Panamanian producers from the central province of Los Santos and Panama East today blocked traffic in their respective regions, to demand that the National Government stop the imports, which, they claim, are ending the unprotected agricultural sector of the country.
In Los Santos, protesters blocked the four sections of the La Villa bridge, while another group of producers in Tortí de Chepo, some 59.5 kilometers east of Panama City, did the same for about eight hours on the Pan-American highway leading to the province of Darién.
The milk, meat and rice producers of both regions demonstrated against excessive imports and demanded the installation of a dialogue table with the participation of high government authorities, producers and importers to analyze the problem and find a solution.
They also announced for next Thursday a rally on the coastal strip, in the capital, from where they will march to the Panamanian Presidency, in the Old Town, to call attention to the problem to the country's president Juan Carlos Varela.
Nelson Cedeño, a meat producer from Los Santos, told reporters that this protest is the product and the result "of the total abandonment in which the last governments have had to the agricultural sector", which, he said, "has not been properly considered and they have it on the verge of bankruptcy".
Cedeño clarified that they are not asking for subsidies or jobs to the Government, but that "we are demanding that we be respected and paid fairly for what we produce".

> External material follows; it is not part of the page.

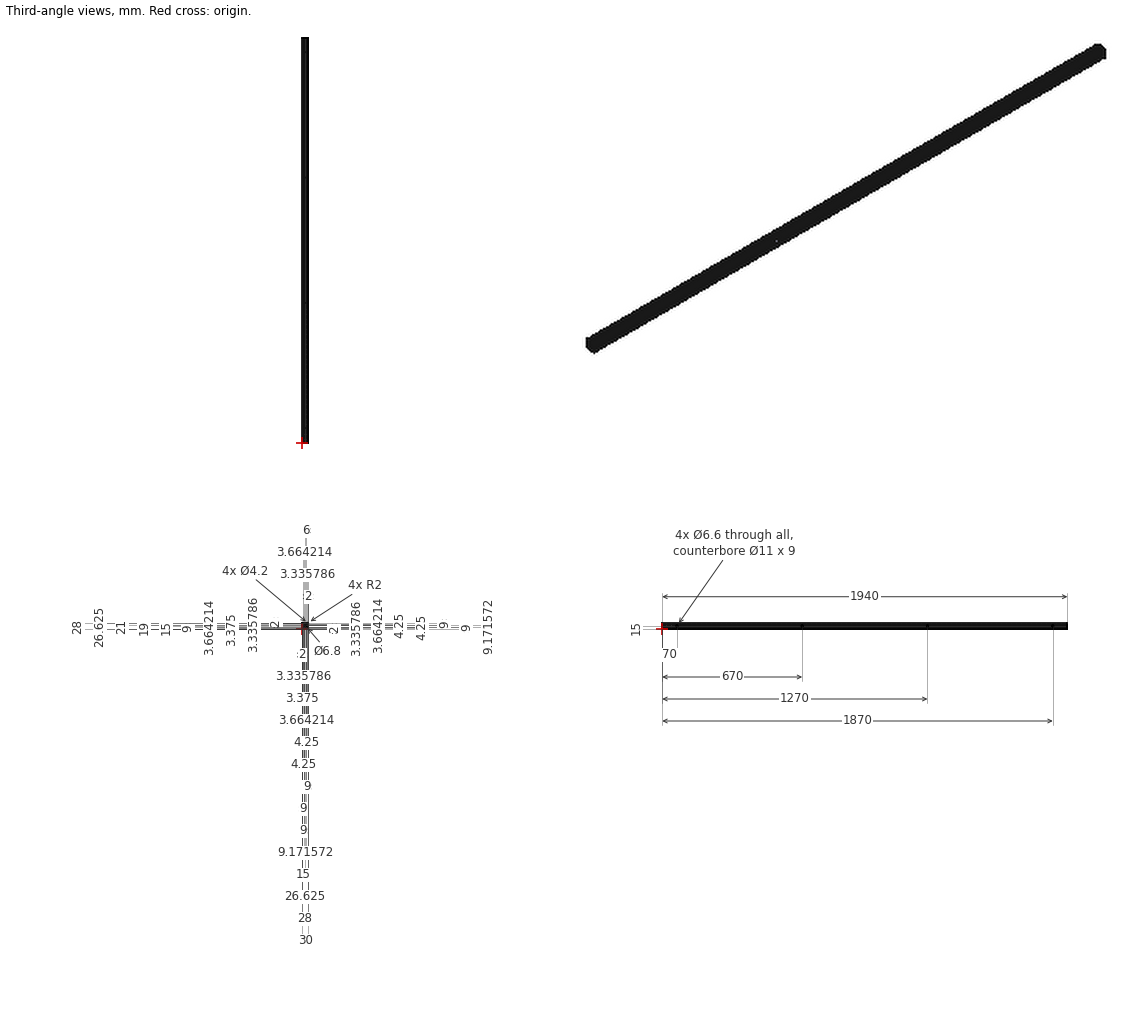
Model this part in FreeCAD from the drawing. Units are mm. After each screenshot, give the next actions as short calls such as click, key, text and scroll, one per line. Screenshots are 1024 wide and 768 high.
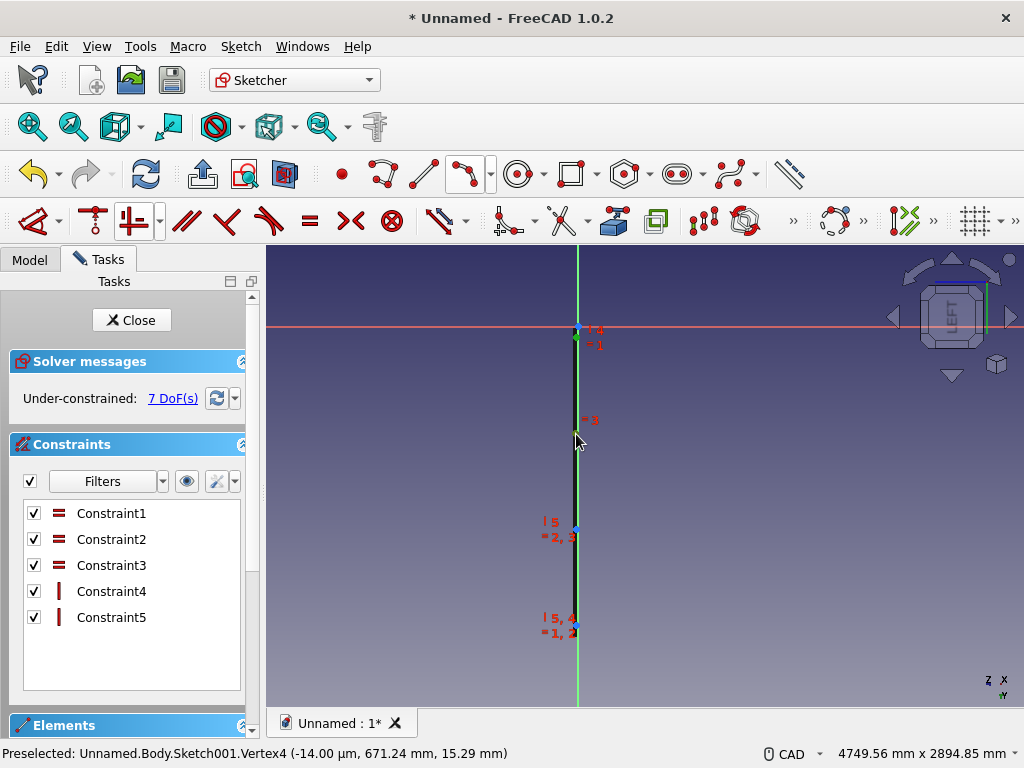
click(160, 222)

"We cannot allow four miscreants to do business in this country at the expense of the misery and the bankruptcy of the agricultural sector," said Cedeño.
The producer asked the reactivation of a toxicology laboratory so as not to lose the export quota of meat to the US, and that the Panamanian Food Safety Authority (Aupsa) that the producers accuse of benefiting imports disappear.

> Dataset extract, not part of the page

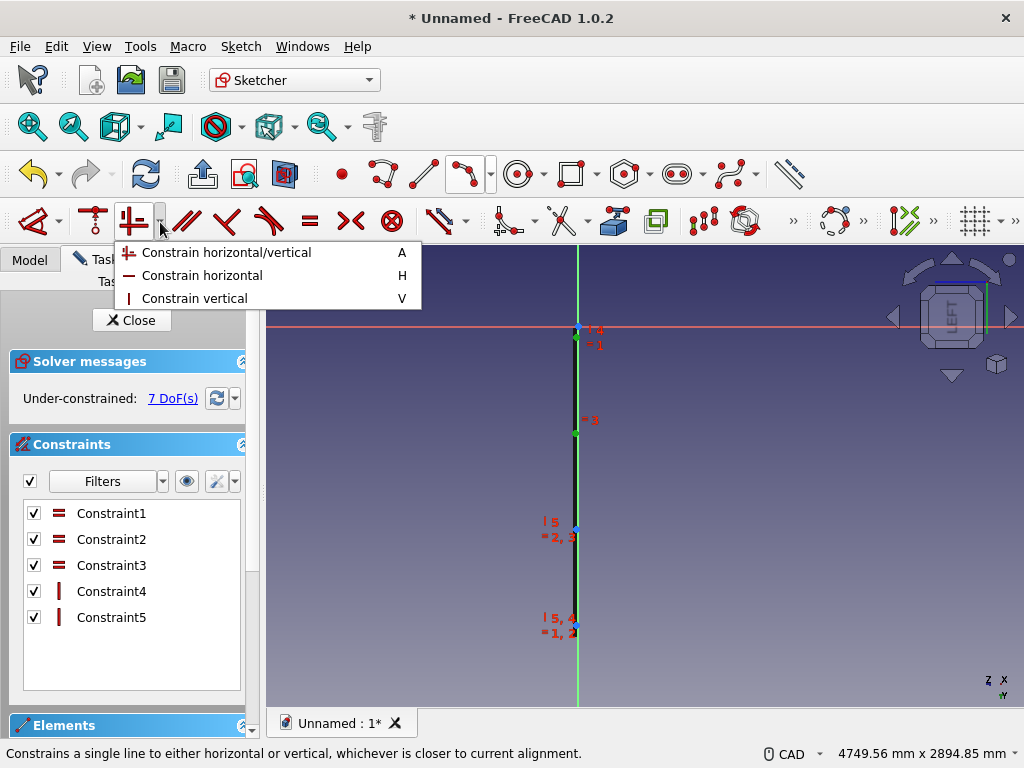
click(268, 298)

The local channel Telemetro informed the Minister of Agricultural Development, Eduardo Carles, announced in Los Santos, after the protest in La Villa, that a permanent work table will be set up next Monday to seek a solution to the import dispute, and that will request a technical audit to the importers that are in the Aupsa.
"We are going to open the Aupsa books so that we know who, when and how much they are importing, not just the Aupsa books, all the books," said Carles, who said this entity created in 2005 must be re-designed, according to Telemetro.